Start of Supplied material
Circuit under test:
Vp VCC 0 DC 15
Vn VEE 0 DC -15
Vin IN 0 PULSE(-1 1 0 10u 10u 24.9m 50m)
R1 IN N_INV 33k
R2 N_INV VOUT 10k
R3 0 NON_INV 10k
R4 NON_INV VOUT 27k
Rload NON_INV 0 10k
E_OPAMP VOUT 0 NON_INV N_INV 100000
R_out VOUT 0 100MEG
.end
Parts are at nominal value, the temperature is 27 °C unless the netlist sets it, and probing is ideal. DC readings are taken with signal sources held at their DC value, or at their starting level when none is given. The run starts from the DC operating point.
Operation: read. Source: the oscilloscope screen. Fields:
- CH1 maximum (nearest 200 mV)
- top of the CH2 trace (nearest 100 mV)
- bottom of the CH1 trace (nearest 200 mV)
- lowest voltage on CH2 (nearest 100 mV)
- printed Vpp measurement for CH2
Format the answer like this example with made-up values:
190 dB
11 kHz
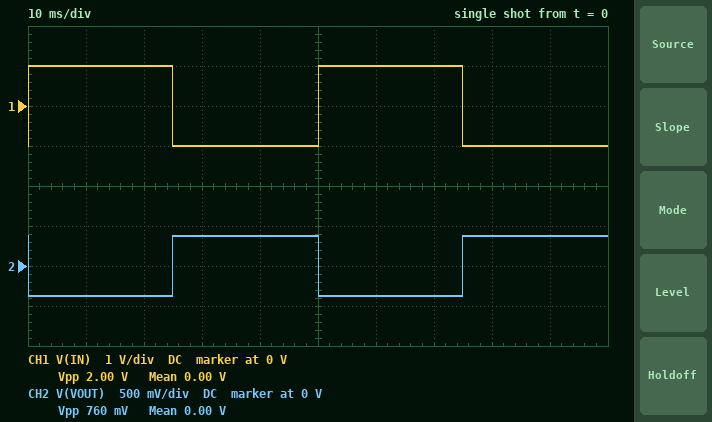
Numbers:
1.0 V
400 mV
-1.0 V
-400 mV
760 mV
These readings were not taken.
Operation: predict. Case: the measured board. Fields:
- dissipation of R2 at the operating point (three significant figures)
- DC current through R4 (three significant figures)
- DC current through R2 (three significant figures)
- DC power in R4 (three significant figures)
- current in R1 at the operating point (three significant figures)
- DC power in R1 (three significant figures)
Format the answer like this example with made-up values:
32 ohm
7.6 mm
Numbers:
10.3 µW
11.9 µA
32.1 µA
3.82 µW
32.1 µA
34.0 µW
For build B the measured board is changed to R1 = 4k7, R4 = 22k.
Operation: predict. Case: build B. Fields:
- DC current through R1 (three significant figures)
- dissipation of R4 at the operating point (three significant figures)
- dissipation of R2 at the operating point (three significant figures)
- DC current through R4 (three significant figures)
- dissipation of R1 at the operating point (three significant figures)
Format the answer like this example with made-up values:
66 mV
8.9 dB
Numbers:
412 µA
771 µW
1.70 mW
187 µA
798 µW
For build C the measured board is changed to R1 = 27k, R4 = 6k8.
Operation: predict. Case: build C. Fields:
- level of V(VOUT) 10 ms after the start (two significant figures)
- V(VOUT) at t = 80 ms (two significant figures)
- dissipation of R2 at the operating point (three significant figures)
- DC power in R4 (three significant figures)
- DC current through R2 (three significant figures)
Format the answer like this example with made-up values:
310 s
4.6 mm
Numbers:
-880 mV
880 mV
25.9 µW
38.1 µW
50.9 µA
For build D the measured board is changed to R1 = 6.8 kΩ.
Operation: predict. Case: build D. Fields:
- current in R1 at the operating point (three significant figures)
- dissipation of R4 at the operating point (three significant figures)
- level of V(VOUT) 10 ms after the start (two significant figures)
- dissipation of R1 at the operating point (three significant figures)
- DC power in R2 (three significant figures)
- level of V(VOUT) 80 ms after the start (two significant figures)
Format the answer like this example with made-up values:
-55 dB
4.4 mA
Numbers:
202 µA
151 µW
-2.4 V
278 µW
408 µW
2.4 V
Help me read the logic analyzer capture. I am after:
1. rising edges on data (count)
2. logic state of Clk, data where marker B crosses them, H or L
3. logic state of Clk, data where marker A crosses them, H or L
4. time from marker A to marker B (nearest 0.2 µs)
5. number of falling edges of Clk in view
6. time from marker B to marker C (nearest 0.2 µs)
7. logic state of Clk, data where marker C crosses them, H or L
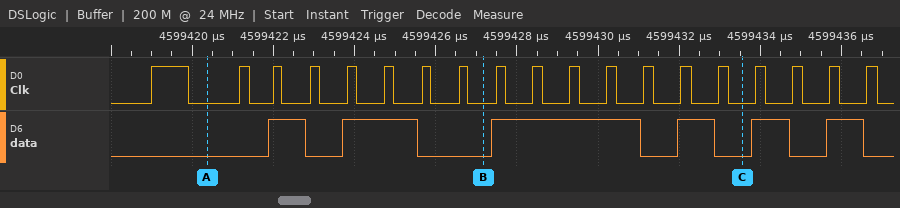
End of Supplied material
Work to complete => Quote the records from their first line to the line with "- bottom of the CH1 trace (nearest 200 mV)", inclusive, without adding or dropping anything.

Written response =>
Circuit under test:
Vp VCC 0 DC 15
Vn VEE 0 DC -15
Vin IN 0 PULSE(-1 1 0 10u 10u 24.9m 50m)
R1 IN N_INV 33k
R2 N_INV VOUT 10k
R3 0 NON_INV 10k
R4 NON_INV VOUT 27k
Rload NON_INV 0 10k
E_OPAMP VOUT 0 NON_INV N_INV 100000
R_out VOUT 0 100MEG
.end
Parts are at nominal value, the temperature is 27 °C unless the netlist sets it, and probing is ideal. DC readings are taken with signal sources held at their DC value, or at their starting level when none is given. The run starts from the DC operating point.
Operation: read. Source: the oscilloscope screen. Fields:
- CH1 maximum (nearest 200 mV)
- top of the CH2 trace (nearest 100 mV)
- bottom of the CH1 trace (nearest 200 mV)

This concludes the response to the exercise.